Yes Congress can amend the Constitution but only 17 amendments have been added with the over 11,000 proposals. Also in the scenario, the states are not mentioned at all with the "rule change." Amendments need a 3/4 majority from all of the states as well so the power is not solely vested in the federal legislature branch. The rules can change but not as often as if the power was as important as it is being argued to be.

1 point

The whole purpose of the Presidency is to enforce the laws passed by Congress in a formal setting. If the president does not want to enforce a law, they do not have to enforce it. Prime example would be the aforementioned War Powers Act which the president views as unconstitutional and does not enforce it. This can be done with any legislation, with a lack of enforcement it is only a piece of paper.

1 point

The War Powers Act is seen as unconstitutional in the president's eyes basically ignoring the law completely. The president executes laws and enforces them so if they were to disagree a law, they do not have to enforce it. Simply, a president does not have to enforce the laws essentially wiping the legislative clean.

Tuff__Demon(15) Clarified
1 point

Congress does not have to declare war to continue funding troops but they do have the power to fund the military and deny funding virtually ending the skirmish.

1 point

Executive orders are a strong power used often in the time of a divided government. They have become more powerful since division becomes more prevalent. These orders hold the same enforcement power as any bill passed in Congress; however, they can become void when the next president assumes the presidency.

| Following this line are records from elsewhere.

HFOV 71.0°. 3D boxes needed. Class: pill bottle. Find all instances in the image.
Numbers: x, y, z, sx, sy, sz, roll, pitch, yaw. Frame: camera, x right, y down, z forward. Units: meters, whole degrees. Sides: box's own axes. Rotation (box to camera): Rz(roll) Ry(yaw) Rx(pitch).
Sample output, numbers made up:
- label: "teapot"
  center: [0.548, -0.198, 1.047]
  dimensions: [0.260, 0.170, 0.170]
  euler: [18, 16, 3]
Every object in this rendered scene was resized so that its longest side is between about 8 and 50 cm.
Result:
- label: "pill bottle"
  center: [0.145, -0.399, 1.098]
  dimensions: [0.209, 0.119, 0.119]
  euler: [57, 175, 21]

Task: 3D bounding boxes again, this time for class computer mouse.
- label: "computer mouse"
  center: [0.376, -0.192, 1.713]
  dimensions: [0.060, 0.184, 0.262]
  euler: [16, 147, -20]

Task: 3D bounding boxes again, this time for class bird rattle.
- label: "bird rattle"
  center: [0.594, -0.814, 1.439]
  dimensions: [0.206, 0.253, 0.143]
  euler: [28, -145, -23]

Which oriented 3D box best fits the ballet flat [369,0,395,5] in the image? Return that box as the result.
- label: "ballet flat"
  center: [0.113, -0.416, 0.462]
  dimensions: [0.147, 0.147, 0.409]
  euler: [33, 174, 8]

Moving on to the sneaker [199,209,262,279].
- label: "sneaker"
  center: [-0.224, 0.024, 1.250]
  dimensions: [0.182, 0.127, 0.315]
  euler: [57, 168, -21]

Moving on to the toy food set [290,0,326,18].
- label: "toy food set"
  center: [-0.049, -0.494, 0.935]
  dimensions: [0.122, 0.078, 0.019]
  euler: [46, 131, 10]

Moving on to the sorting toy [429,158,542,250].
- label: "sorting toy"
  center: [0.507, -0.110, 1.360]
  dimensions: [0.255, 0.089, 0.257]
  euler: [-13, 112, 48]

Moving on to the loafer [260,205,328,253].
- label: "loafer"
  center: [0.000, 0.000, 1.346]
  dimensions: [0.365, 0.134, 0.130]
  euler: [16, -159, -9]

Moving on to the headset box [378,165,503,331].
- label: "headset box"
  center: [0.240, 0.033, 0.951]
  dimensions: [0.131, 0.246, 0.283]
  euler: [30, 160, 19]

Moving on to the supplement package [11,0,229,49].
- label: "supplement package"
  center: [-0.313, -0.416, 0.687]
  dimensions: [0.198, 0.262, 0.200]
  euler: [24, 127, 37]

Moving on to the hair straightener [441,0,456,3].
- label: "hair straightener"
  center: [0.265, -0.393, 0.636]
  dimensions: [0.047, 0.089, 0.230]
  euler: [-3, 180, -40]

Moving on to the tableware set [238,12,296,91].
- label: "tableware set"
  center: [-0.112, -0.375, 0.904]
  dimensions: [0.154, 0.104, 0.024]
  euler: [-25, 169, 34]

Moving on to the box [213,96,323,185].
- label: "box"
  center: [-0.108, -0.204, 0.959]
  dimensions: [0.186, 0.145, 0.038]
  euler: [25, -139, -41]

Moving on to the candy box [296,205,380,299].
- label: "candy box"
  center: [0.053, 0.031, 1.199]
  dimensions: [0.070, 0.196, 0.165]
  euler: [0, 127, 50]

The orders are becoming increasingly more effective for a short time use often used by presidents to fulfill their campaign promises. They are terrible for a long term change. This does not mean that the idea behind the order could not be turned into a law that becomes permanent; there just needs to be enough public support for the bill. This is how the executive branch has grown so powerful, creating change for 4 to 8 years then leaving office with their orders never to be seen again.

1 point

When the mention of killing agencies is brought, there are many unspoken responsibilities held by the federal agencies that go unnoticed by the general public or candidates who are advocating for the cutting of agencies like the Department of Energy. The Power of the Purse is talking about taxing bills starting exclusively in the House of Representatives and

a slight mention of how budgets are made;however, the federal budget is a co-effort from the President and Congress. The president presents a budget plan to Congress which in turn they can ratify through both houses and require the president's approval.

1 point

In Nixon's case, there was such a public disdain towards him that even his own party decided to turn against him. Most impeachments require that defendant's party turn against them in order to go through with the trial and charges. Like before, this is going to become less likely within a divided government and as government officials become more partisan. So to make the argument that impeachment is open to executive officials without the turning of their party is a false one.

1 point

The power to veto any legislation passed through Congress. There are two types of vetoes that the president holds, pocket vetoes and vetoes. Pocket Vetoes are used when the President refuses to sign a bill for 10 days and the bill dies on his desk. Vetoes are more commonly used and are a more formal denial of that proposed legislation. Congress has the power to override a veto with a 2/3 majority in both chambers; however, this is becoming less and less likely with a divided government, political parties controlling one part of the government while the other controls another. Most overridden vetoes occurred with a less divided government. Only 11% of vetoes have been overridden. If this power is so important, why has it not been used more?

1 point

The basic human rights would be reserved in the structure of the government setup by the Constitution. Federalist believed that listing out the rights would limit them. This very philosophy is why the Constitution goes into so much detail when describing the powers of the federal government so that if they do something out of line the people can call them out on it. Another fact remains, that the list of their powers limited the government but also allowed for any rights not listed are specifically to be granted to the people and state government. Out of 11,000 amendments proposed only 17 have been added since 130 years ago showing that it is near impossible to add new rights to the Constitution.

1 point

If the federal government lacked taxing power, they could not fund programs like Social Security, Federal Armies, Infrastructure Construction, etc. You would not have roads to drive on or sidewalks to walk on if the government had no taxing power. Our tax system that the Federalist founded allowed the states democratically elected representatives to decide on the method of tax collection.